[Entries shown]:
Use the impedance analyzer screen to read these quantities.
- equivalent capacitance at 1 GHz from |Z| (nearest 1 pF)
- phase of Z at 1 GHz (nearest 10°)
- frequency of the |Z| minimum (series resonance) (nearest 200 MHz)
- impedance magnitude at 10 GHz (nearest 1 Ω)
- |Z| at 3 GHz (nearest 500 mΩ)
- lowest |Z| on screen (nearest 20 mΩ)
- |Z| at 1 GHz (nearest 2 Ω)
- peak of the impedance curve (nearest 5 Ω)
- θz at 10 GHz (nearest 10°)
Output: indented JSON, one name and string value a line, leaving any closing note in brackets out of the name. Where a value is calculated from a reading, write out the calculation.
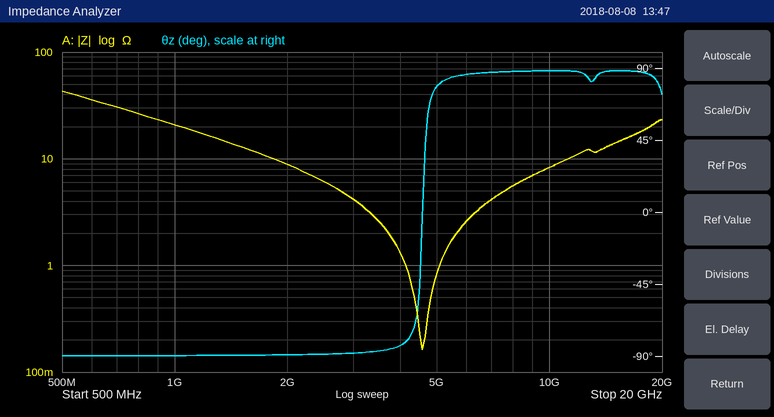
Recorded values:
{
  "equivalent capacitance at 1 GHz from |Z|": "C = 1/(2π × 1 GHz × 20 Ω) ≈ 8 pF",
  "phase of Z at 1 GHz": "-90°",
  "frequency of the |Z| minimum (series resonance)": "4.6 GHz",
  "impedance magnitude at 10 GHz": "8 Ω",
  "|Z| at 3 GHz": "4.0 Ω",
  "lowest |Z| on screen": "160 mΩ",
  "|Z| at 1 GHz": "20 Ω",
  "peak of the impedance curve": "45 Ω",
  "θz at 10 GHz": "90°"
}
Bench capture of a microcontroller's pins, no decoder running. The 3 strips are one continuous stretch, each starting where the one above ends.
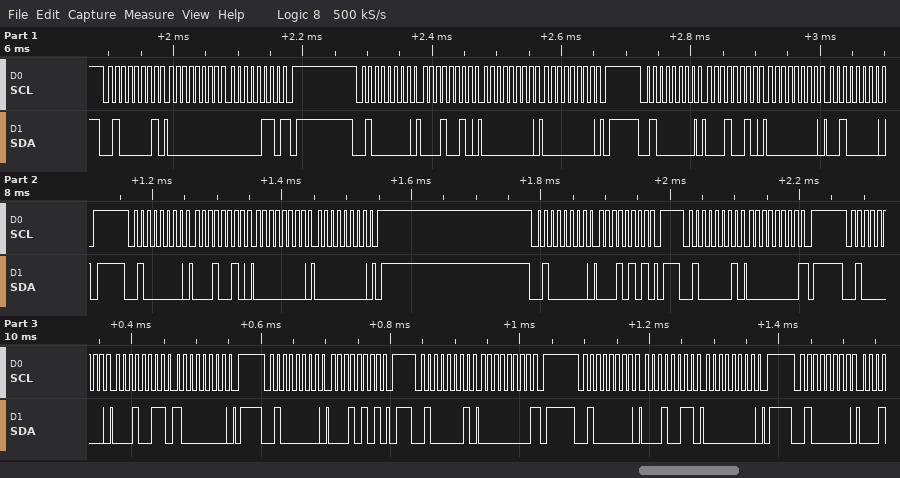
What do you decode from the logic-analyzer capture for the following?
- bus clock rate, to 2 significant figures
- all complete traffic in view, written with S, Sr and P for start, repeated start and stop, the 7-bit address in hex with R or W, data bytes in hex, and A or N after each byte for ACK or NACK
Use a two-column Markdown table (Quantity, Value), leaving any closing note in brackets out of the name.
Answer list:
| Quantity | Value |
|---|---|
| bus clock rate, to 2 significant figures | 100 kHz |
| all complete traffic in view, written with S, Sr and P for start, repeated start and stop, the 7-bit address in hex with R or W, data bytes in hex, and A or N after each byte for ACK or NACK | S 20R A 00 A 06 N P S 20W A 12 A 00 A 00 A P S 20W A 12 A 00 A 20 A P S 20W A 12 A 00 A 00 A P S 20W A 15 A P S 20R A 00 N P S 20W A 13 A 80 A P S 20W A 15 A P S 20R A 00 N P S 20W A 13 A 00 A P S 20W A |
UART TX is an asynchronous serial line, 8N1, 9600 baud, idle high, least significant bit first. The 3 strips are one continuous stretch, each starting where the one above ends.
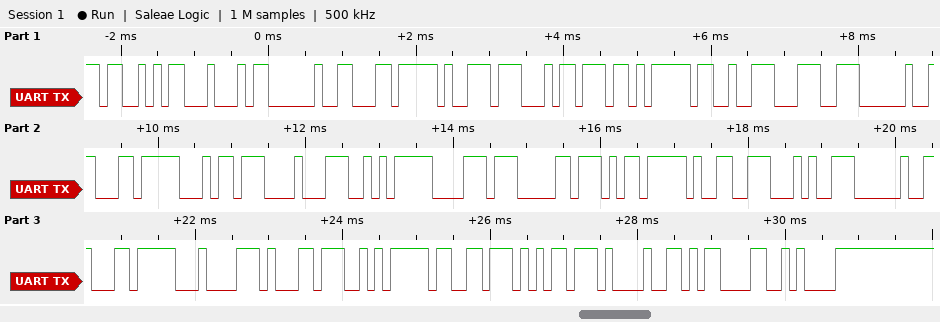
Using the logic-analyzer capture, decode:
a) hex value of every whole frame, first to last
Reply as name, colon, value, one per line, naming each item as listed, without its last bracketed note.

hex value of every whole frame, first to last: 53 44 20 EC B9 B4 EB 93 9C 20 EC B4 88 EA B8 B0 ED 99 94 20 EC 84 B1 EA B3 B5 21 0D 0A
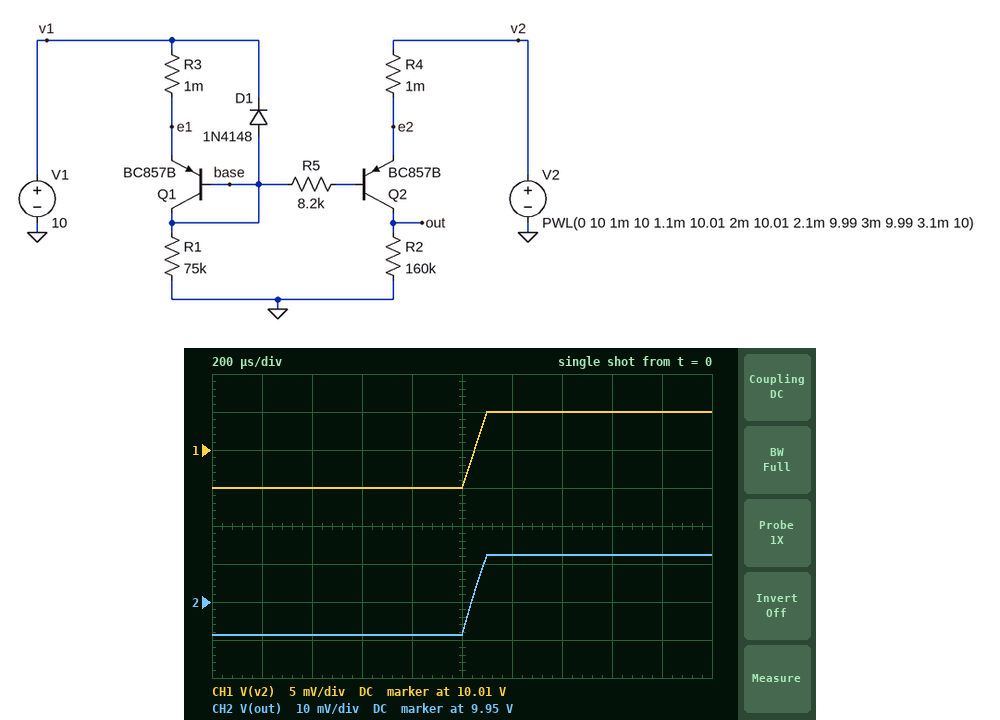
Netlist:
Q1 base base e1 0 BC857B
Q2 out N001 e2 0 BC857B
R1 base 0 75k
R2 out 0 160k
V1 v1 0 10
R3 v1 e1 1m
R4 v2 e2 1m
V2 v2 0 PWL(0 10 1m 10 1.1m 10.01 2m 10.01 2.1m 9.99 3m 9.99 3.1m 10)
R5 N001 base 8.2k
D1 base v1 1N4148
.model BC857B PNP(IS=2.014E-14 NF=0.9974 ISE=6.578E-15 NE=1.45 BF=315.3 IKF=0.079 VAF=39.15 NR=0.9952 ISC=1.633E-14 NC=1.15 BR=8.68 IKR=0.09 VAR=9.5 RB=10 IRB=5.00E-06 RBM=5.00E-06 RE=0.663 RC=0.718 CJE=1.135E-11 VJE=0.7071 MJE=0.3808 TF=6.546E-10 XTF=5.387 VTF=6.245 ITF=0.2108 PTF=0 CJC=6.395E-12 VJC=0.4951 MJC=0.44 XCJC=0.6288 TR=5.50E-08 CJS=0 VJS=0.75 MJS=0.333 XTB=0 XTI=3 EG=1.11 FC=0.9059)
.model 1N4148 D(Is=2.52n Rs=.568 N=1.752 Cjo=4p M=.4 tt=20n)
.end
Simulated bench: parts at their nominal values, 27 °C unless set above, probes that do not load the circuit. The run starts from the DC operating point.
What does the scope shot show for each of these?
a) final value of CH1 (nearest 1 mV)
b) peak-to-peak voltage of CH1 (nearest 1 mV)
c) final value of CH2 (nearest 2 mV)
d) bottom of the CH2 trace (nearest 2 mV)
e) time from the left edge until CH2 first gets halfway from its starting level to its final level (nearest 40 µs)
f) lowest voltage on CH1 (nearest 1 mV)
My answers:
10.010 V
10 mV
9.962 V
9.942 V
1.04 ms
10.000 V
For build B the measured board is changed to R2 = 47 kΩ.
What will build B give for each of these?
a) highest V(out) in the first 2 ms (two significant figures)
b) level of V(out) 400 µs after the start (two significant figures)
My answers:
7.6 V
5.7 V
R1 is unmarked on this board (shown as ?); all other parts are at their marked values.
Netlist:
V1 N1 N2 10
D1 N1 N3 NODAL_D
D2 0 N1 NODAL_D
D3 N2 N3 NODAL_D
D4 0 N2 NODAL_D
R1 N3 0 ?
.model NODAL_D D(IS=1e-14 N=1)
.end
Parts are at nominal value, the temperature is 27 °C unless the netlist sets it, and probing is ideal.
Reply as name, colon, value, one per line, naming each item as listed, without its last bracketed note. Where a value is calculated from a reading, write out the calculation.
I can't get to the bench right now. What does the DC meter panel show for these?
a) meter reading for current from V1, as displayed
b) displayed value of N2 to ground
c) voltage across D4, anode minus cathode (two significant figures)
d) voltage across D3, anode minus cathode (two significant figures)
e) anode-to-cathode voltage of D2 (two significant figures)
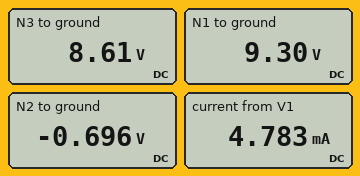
meter reading for current from V1, as displayed: 4.783 mA
displayed value of N2 to ground: -0.696 V
voltage across D4, anode minus cathode: 0 V - (-696 mV) = 700 mV
voltage across D3, anode minus cathode: -696 mV - 8.61 V = -9.3 V
anode-to-cathode voltage of D2: 0 V - 9.3 V = -9.3 V
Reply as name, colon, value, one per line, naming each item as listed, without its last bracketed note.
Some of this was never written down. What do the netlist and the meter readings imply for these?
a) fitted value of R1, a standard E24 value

fitted value of R1, a standard E24 value: 1.8 kΩ
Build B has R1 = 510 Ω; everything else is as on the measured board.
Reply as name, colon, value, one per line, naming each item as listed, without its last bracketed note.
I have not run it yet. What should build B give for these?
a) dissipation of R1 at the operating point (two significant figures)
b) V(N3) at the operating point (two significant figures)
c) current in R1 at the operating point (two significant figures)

dissipation of R1 at the operating point: 140 mW
V(N3) at the operating point: 8.5 V
current in R1 at the operating point: 17 mA
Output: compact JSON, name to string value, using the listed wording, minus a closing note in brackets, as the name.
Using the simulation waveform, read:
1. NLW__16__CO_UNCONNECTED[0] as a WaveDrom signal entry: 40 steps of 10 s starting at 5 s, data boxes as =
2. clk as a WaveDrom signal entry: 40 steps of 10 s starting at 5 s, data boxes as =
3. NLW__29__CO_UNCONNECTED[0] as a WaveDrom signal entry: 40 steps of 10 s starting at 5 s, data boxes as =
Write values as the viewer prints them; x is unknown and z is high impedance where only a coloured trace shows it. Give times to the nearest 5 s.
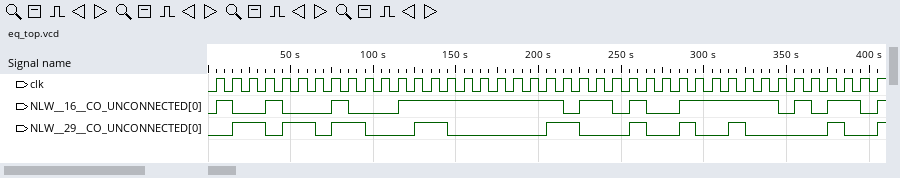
{"NLW__16__CO_UNCONNECTED[0] as a WaveDrom signal entry: 40 steps of 10 s starting at 5 s, data boxes as =": "{name: 'NLW__16__CO_UNCONNECTED[0]', wave: '10.10..10..1.........01.010.1.....0101.0'}", "clk as a WaveDrom signal entry: 40 steps of 10 s starting at 5 s, data boxes as =": "{name: 'clk', wave: 'p.......................................'}", "NLW__29__CO_UNCONNECTED[0] as a WaveDrom signal entry: 40 steps of 10 s starting at 5 s, data boxes as =": "{name: 'NLW__29__CO_UNCONNECTED[0]', wave: '01.01.01.0..1.0.....1.0..10.10.10....10.'}"}
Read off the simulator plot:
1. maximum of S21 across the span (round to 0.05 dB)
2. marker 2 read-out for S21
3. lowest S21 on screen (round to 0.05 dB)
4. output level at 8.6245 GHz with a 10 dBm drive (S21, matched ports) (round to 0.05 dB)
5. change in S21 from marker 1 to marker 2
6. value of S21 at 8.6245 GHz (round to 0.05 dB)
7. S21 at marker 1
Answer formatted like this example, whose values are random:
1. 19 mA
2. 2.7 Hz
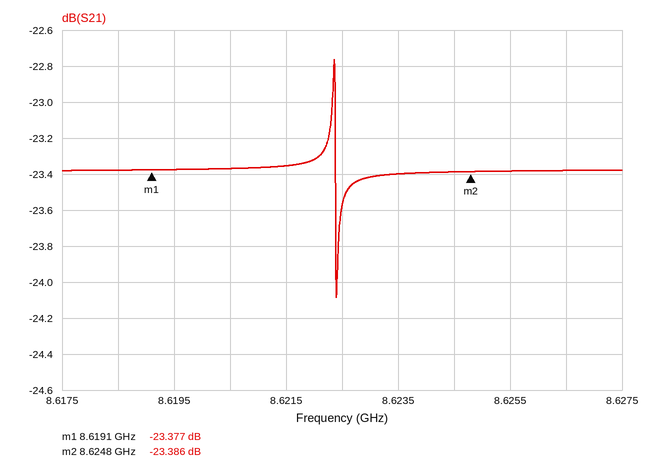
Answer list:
1. -22.75 dB
2. -23.386 dB
3. -24.10 dB
4. -13.40 dBm
5. -0.009 dB
6. -23.40 dB
7. -23.377 dB
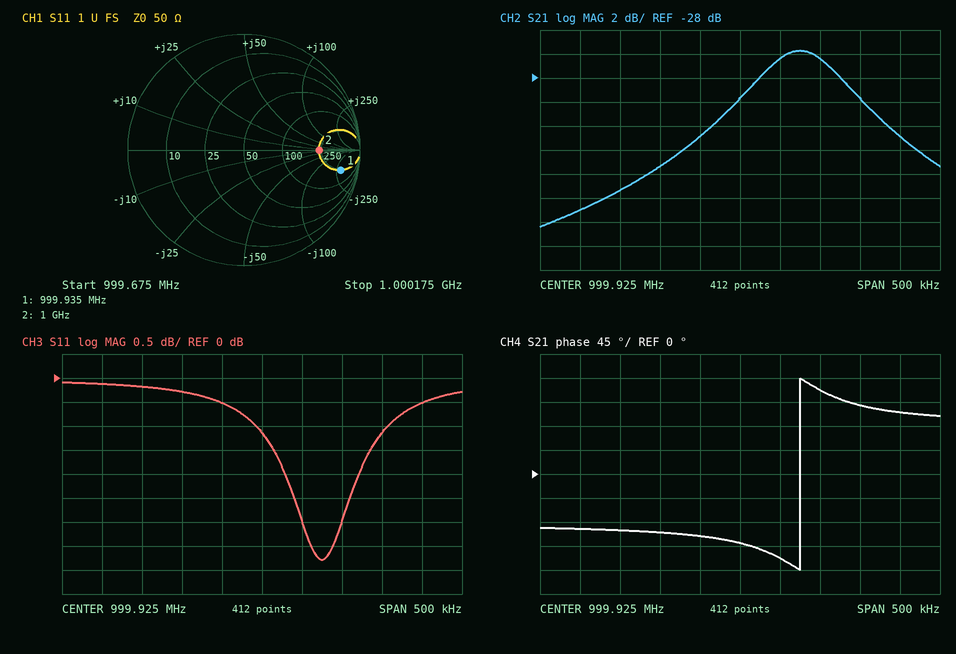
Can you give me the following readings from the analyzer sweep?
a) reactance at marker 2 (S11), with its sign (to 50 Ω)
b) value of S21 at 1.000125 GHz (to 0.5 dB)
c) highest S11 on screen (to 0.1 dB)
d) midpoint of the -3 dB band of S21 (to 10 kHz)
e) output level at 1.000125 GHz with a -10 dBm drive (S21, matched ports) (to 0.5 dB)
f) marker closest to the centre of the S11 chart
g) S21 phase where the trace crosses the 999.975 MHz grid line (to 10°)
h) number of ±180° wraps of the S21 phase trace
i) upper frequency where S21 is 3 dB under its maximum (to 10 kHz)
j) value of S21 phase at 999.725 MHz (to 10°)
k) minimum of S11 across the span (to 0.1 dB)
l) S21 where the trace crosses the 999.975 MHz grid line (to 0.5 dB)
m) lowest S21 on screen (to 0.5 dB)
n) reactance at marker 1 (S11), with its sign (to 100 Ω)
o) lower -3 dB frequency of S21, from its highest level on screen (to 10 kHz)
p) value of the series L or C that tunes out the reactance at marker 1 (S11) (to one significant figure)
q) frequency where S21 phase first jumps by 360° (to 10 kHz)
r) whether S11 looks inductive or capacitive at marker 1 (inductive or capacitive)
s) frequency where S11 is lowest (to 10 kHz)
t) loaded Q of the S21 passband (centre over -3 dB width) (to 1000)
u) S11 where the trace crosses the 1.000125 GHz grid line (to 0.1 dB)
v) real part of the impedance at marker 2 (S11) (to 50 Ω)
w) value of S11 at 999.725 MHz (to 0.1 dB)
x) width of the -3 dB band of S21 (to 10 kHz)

0 Ω
-33.0 dB
-0.1 dB
1.00000 GHz
-43.0 dBm
marker 2
-160°
1
1.00006 GHz
-100°
-3.8 dB
-26.5 dB
-40.5 dB
-300 Ω
999.94 MHz
50 nH
1.00000 GHz
capacitive
1.00000 GHz
8000
-0.5 dB
250 Ω
-0.1 dB
120 kHz

[Task statement]: Using the entries above, repeat only the lines from the one containing "What do you" through the one containing "Use a two-column", end lines included.

[Exercise solution]:
What do you decode from the logic-analyzer capture for the following?
- bus clock rate, to 2 significant figures
- all complete traffic in view, written with S, Sr and P for start, repeated start and stop, the 7-bit address in hex with R or W, data bytes in hex, and A or N after each byte for ACK or NACK
Use a two-column Markdown table (Quantity, Value), leaving any closing note in brackets out of the name.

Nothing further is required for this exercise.